On Saturday at 1.30am, the worst allergy reaction struck. I was very stoned and groggy from all the medication, but a voice in my heart told me not to sleep. I think if I had slept, I would have died in my sleep. I felt that my heart was failing. My whole system was shutting down and I was going into shock. I was blacking out. I woke my husband up and he jabbed me with the Epi-Pen and once again we rushed to the ER. This time I knew that I might not return at all. I slipped into unconsciousness in the car and then suddenly I wasn't in my body anymore. I moved into this dimly lit tunnel and Death embraced me. I was in Death's arms and it was leading me to go deeper into the tunnel. The coldness that Death was can never be measured with all the eons of winters on this earth combined. As I moved into the tunnel with Death, I heard my husband’s voice calling me from a distance. He kept on calling my name, asking me to go back and that our son needs me. I looked back and in an instance, I was back in my body.
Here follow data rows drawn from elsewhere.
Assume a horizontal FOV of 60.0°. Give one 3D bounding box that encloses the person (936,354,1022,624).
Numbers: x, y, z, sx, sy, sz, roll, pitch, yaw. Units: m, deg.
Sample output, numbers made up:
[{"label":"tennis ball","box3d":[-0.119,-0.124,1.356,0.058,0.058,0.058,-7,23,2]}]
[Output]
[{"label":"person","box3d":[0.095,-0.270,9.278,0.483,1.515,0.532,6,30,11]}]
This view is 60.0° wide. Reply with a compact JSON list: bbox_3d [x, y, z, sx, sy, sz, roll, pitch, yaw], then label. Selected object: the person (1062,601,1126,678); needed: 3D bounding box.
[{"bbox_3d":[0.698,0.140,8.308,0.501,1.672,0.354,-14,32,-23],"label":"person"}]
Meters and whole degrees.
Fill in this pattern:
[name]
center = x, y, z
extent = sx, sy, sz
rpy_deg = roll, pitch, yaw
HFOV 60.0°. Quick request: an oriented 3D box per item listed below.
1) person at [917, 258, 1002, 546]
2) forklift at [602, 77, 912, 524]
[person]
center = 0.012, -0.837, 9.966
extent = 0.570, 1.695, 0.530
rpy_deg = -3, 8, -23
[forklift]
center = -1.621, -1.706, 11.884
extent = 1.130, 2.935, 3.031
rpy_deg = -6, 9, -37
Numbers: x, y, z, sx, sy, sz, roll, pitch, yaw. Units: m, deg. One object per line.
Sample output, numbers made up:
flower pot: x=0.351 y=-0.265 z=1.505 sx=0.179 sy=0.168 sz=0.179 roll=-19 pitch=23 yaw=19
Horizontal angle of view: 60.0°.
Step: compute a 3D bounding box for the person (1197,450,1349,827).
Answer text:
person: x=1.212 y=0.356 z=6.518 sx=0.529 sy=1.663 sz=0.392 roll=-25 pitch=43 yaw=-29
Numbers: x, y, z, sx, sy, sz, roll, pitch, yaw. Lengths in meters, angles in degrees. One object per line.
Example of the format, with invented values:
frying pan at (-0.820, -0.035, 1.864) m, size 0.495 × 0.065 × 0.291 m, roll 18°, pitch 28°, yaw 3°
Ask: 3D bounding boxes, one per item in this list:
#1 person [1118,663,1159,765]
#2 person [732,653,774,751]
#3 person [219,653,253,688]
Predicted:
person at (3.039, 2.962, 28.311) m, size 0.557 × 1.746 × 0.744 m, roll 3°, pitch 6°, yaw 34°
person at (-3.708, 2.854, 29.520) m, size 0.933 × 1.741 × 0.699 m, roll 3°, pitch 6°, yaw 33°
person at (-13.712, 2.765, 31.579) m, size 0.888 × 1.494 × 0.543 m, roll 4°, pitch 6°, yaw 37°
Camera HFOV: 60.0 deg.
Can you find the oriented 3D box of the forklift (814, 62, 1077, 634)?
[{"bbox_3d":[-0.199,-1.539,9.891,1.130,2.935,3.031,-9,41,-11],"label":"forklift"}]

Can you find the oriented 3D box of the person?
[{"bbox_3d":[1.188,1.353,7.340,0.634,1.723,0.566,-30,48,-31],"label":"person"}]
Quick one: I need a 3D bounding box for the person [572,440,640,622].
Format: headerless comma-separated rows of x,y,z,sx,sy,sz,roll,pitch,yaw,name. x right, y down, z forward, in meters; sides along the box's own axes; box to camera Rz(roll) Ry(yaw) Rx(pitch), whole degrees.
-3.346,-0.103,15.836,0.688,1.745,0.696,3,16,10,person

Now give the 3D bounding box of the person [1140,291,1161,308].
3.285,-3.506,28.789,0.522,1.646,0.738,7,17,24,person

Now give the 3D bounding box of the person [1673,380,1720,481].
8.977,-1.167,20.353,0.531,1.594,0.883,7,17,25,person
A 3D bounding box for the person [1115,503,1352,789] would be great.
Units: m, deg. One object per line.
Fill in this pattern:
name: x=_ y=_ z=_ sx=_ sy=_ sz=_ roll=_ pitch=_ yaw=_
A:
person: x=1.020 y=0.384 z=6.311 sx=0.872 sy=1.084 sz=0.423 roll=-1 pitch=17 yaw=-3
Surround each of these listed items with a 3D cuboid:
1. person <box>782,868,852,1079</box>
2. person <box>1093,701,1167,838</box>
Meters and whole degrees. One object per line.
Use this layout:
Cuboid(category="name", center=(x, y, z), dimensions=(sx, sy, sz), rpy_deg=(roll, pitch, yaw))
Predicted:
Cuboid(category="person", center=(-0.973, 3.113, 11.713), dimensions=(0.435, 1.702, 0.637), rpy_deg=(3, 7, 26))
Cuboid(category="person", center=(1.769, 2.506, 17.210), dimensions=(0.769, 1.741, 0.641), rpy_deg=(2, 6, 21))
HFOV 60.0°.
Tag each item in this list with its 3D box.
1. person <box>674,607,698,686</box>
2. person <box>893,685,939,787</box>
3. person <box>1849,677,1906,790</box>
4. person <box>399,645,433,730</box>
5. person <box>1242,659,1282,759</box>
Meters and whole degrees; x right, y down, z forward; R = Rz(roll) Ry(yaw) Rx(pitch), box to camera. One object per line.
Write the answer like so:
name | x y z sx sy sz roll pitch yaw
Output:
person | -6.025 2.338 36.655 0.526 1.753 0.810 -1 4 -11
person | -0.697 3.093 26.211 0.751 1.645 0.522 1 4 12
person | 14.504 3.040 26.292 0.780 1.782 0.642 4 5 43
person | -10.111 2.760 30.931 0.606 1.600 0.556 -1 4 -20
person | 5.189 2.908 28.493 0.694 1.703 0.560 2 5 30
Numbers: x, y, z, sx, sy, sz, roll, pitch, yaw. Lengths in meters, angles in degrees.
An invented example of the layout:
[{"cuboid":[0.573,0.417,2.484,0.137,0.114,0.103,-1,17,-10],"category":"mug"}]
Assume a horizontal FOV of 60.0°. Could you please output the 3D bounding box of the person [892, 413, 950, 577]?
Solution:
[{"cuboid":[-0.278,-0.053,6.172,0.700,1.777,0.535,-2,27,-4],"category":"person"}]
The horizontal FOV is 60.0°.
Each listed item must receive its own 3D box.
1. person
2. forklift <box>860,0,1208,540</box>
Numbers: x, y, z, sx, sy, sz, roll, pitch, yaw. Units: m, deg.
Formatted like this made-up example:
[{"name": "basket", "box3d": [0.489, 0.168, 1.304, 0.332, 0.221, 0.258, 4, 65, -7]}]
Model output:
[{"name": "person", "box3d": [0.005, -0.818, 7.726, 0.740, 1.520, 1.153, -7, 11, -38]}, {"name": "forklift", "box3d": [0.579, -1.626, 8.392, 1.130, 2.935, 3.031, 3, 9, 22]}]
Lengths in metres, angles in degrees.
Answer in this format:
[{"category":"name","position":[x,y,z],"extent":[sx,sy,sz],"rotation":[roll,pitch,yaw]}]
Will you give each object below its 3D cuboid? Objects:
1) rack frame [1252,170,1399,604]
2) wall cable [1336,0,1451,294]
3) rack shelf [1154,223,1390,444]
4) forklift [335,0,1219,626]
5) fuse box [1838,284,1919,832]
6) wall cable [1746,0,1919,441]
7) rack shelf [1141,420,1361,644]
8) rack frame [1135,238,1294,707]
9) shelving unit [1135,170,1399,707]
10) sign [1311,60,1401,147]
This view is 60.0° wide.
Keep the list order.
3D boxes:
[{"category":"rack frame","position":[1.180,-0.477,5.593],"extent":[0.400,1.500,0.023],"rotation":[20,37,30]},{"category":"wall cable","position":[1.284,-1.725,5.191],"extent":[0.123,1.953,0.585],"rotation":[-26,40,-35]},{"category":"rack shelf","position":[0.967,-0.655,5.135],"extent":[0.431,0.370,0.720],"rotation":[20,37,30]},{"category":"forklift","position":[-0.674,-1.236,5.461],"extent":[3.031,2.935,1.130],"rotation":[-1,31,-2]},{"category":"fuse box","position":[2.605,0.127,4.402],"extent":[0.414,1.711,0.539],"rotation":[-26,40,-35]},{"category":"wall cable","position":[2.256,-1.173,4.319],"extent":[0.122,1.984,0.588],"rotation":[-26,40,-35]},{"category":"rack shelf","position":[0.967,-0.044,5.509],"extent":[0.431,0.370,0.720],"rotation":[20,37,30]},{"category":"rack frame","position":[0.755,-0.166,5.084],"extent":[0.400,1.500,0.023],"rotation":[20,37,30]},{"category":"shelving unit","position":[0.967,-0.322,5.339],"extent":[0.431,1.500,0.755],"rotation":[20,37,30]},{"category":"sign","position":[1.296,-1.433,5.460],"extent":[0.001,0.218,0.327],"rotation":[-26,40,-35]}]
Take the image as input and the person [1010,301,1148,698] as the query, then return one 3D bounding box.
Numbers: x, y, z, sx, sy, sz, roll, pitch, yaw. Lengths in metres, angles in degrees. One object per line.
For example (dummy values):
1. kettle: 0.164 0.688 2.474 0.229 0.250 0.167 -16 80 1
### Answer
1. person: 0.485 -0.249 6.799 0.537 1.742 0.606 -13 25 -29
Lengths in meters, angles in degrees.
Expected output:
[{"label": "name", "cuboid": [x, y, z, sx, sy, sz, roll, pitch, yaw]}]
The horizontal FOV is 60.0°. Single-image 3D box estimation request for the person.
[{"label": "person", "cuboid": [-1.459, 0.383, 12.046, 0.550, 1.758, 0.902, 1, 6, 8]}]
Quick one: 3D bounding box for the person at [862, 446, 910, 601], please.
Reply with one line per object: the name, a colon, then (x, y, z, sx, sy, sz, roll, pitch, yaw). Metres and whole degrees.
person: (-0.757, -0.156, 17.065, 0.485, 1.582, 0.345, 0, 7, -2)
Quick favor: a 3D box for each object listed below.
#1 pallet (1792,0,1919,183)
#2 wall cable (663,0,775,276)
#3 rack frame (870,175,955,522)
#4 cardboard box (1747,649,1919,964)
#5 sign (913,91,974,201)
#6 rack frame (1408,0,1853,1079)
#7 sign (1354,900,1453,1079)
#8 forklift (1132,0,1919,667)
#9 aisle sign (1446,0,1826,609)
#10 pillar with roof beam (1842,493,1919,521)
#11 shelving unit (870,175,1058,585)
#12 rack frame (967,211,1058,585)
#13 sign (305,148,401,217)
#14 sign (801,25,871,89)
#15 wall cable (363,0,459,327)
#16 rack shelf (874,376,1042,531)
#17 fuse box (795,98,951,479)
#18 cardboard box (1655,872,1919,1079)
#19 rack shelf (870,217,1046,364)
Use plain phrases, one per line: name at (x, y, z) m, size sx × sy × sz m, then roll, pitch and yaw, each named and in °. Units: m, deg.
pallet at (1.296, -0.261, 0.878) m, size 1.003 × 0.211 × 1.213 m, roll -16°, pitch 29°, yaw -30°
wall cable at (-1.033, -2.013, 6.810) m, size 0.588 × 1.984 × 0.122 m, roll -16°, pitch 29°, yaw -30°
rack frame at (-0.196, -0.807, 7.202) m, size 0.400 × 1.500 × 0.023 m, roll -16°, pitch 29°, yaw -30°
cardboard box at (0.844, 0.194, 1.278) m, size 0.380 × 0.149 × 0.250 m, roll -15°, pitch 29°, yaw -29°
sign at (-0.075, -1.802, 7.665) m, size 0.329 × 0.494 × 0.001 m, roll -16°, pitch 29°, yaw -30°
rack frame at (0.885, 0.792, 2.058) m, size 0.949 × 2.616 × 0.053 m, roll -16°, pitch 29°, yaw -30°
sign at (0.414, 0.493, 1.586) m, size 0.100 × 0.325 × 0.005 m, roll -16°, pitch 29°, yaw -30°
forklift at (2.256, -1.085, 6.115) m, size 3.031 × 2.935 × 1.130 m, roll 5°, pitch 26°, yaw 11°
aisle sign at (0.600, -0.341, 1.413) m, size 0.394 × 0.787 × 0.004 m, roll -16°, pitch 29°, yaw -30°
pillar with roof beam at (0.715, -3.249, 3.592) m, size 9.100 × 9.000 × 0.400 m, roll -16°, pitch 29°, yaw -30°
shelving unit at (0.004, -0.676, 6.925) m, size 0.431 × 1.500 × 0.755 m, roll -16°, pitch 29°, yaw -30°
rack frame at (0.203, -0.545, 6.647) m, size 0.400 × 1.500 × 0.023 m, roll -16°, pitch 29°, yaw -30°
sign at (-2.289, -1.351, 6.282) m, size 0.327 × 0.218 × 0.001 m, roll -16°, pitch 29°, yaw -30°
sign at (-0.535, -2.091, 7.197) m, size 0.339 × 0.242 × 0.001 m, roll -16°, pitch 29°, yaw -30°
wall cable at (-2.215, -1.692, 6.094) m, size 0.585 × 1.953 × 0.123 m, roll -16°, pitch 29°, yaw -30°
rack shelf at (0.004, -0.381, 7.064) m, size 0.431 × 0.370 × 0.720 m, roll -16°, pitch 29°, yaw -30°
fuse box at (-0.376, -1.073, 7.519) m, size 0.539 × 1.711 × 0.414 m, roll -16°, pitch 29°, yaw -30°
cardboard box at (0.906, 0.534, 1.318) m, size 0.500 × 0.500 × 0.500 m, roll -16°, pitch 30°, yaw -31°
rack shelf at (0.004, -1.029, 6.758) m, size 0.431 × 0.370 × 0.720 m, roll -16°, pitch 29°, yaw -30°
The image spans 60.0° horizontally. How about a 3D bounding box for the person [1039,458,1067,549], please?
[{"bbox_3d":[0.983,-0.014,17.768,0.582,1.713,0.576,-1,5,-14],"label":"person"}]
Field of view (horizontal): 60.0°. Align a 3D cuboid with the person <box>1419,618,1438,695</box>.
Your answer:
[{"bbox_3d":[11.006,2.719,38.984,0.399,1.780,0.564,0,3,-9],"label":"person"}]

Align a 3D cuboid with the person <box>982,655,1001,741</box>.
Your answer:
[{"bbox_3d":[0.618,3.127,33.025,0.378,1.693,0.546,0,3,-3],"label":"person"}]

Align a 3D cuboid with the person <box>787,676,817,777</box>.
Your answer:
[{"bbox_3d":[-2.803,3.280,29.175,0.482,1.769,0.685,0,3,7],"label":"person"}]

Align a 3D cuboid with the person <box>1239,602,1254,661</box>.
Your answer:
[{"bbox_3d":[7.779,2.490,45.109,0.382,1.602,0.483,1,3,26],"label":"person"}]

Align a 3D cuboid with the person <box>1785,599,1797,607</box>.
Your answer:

By the time we arrived at the ER, my veins had collapsed and they had to prick anywhere and everywhere to get a vein. I was lucky that the ER doctor that night had also experienced an anaphylactic attack and thus understood what allergy was and the seriousness of an allergy attack. When they finally found a vein and when the steroids and antihistamine coursed through my veins, I felt such relief. I could breathe. I could feel my heart returning to normal. And I knew that I was safe, for now.

I was admitted again, pumped up with medications and I was pricked by the daytime vampires, night time vampires and afternoon vampires constantly. Blood for this test, that test and every test that was imaginable. Up till today I still bear some scars of the needle marks. They remind me of how much I've been through and the things that I've learned throughout this journey.

The following months were hell. Someone had to be with me all the time. People who have had anaphylactic shocks were susceptible to having recurrent attacks. And when that happens, we could just collapse. And with no one around to administer the Epi-Pen, it would be fatal.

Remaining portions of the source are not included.